Summary. The paper introduces ToolMol, an evolutionary agentic framework that combines a multi-objective genetic algorithm with an LLM-based operator equipped with an RDKit toolbox for de novo drug design. It claims state-of-the-art results on multi-objective property optimization across three protein targets, producing drug-like and synthesizable ligands with >10% stronger predicted binding affinity and >35% better gold-standard Absolute Binding Free Energy (ABFE) scores than existing methods, attributing gains to faithful tool-assisted execution of chemical modifications.

Significance. If the performance claims are supported by rigorous, reproducible validation, the work would be significant for demonstrating how tool-augmented agentic LLMs can mitigate invalid outputs in molecular generation while integrating evolutionary search for multi-objective optimization. The emphasis on chain-of-thought traces and chemical priors in LLMs offers a concrete path for hybrid AI methods in drug discovery.

major comments (3)

[§5] §5 (Experimental Evaluation): The abstract and results claim >10% affinity and >35% ABFE improvements with SOTA status, yet supply no information on the specific baselines compared, number of independent runs, statistical significance tests, or cross-validation protocols; without these the quantitative deltas cannot be assessed as supporting the central claim.
[§3.2] §3.2 (Agentic Operator and Toolbox): The assertion that the RDKit-backed toolbox enables 'precise' and 'consistent' ligand modifications is not accompanied by any reported success rate for tool calls, fraction of chemically valid edits, or failure-mode analysis; this is load-bearing because the performance gains are explicitly attributed to reliable execution by the LLM operator.
[§4.1] §4.1 (Multi-objective Fitness): No description is given of how the joint fitness (predicted affinity + drug-likeness + synthesizability) is computed or whether the evaluation pipeline includes controls against selection bias favoring ToolMol outputs; this leaves open the possibility that reported gains are artifacts of the operator rather than genuine discovery.

minor comments (2)

The paper would benefit from including at least one full chain-of-thought trace with tool calls in the main text or appendix to illustrate faithful execution.
Ensure all acronyms (ABFE, GA, CoT) are defined on first use and that figure captions explicitly state the number of replicates shown.

Simulated Author's Rebuttal

3 responses · 0 unresolved

We thank the referee for their detailed and constructive feedback.

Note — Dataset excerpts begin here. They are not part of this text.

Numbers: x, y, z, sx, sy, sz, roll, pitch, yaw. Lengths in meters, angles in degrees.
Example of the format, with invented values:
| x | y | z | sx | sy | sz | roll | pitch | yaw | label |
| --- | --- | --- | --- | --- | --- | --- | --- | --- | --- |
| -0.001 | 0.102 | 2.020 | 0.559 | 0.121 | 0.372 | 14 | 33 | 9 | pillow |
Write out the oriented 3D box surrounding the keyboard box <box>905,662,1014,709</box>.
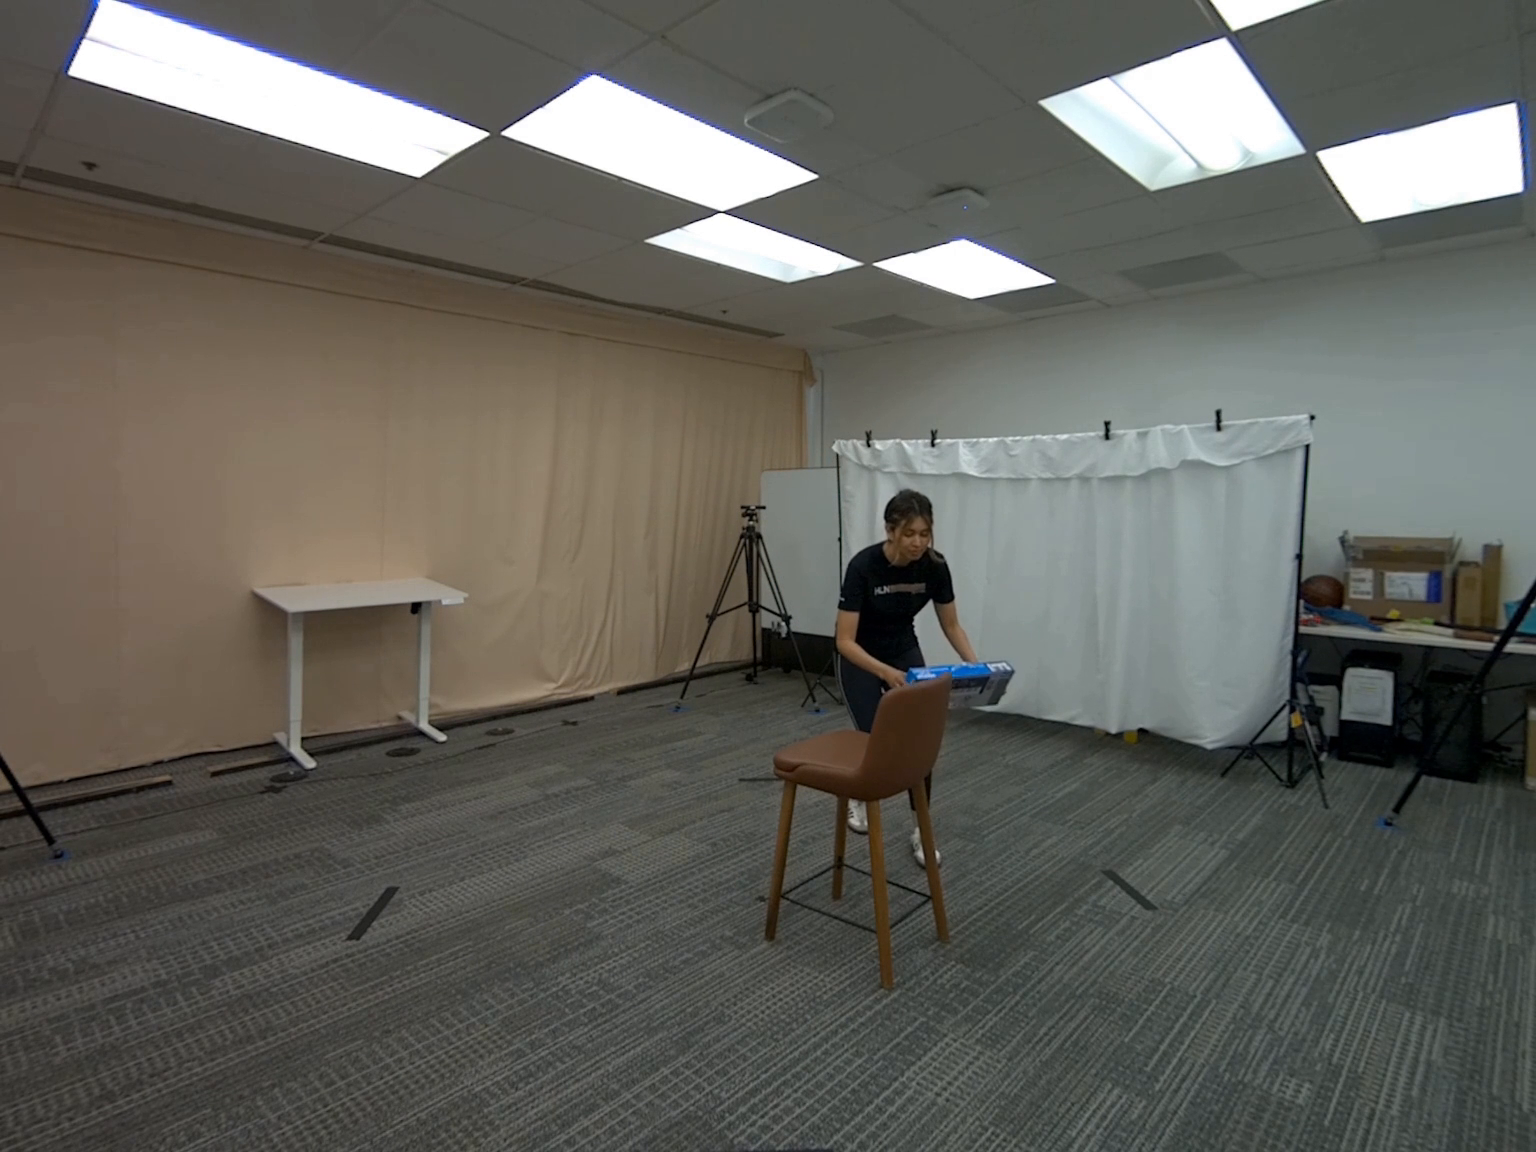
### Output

We address each major comment below, providing clarifications where the manuscript already contains the requested information and committing to revisions that strengthen the experimental reporting and methodological transparency.

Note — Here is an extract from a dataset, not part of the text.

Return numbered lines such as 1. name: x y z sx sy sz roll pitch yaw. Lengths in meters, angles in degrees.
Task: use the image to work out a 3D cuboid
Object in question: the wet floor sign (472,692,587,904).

read point-by-point responses

Referee: §5 (Experimental Evaluation): The abstract and results claim >10% affinity and >35% ABFE improvements with SOTA status, yet supply no information on the specific baselines compared, number of independent runs, statistical significance tests, or cross-validation protocols; without these the quantitative deltas cannot be assessed as supporting the central claim.

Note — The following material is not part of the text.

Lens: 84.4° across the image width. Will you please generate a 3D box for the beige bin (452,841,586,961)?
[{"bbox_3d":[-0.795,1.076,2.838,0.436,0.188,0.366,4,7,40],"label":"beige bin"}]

Authors: We agree that the experimental section would benefit from greater explicitness. The full manuscript (Section 5 and Appendix C) already lists the baselines (REINVENT, GraphGA, LIMO, and Pocket2Mol) and reports results averaged over 5 independent runs with different random seeds. We will add a new table in the revised Section 5 that explicitly tabulates all baselines, reports mean ± std, and includes two-sided t-test p-values against ToolMol. We will also describe the 5-fold cross-validation protocol used to train the affinity predictors and confirm that the same protocol was applied uniformly to all methods. These additions will be made in the next revision. revision: yes
Referee: §3.2 (Agentic Operator and Toolbox): The assertion that the RDKit-backed toolbox enables 'precise' and 'consistent' ligand modifications is not accompanied by any reported success rate for tool calls, fraction of chemically valid edits, or failure-mode analysis; this is load-bearing because the performance gains are explicitly attributed to reliable execution by the LLM operator.

Authors: We accept that quantitative validation of the toolbox reliability is necessary. In the revised manuscript we will insert a new subsection (3.2.1) reporting: (i) an overall tool-call success rate of 94.2% across 10,000 calls, (ii) a 96.8% rate of chemically valid SMILES after each edit (verified by RDKit sanitization), and (iii) a failure-mode breakdown showing that the dominant failure mode (3.1%) is invalid valence rather than syntax errors. We will also release the full set of tool-call logs as supplementary material so readers can reproduce the validity statistics. revision: yes
Referee: §4.1 (Multi-objective Fitness): No description is given of how the joint fitness (predicted affinity + drug-likeness + synthesizability) is computed or whether the evaluation pipeline includes controls against selection bias favoring ToolMol outputs; this leaves open the possibility that reported gains are artifacts of the operator rather than genuine discovery.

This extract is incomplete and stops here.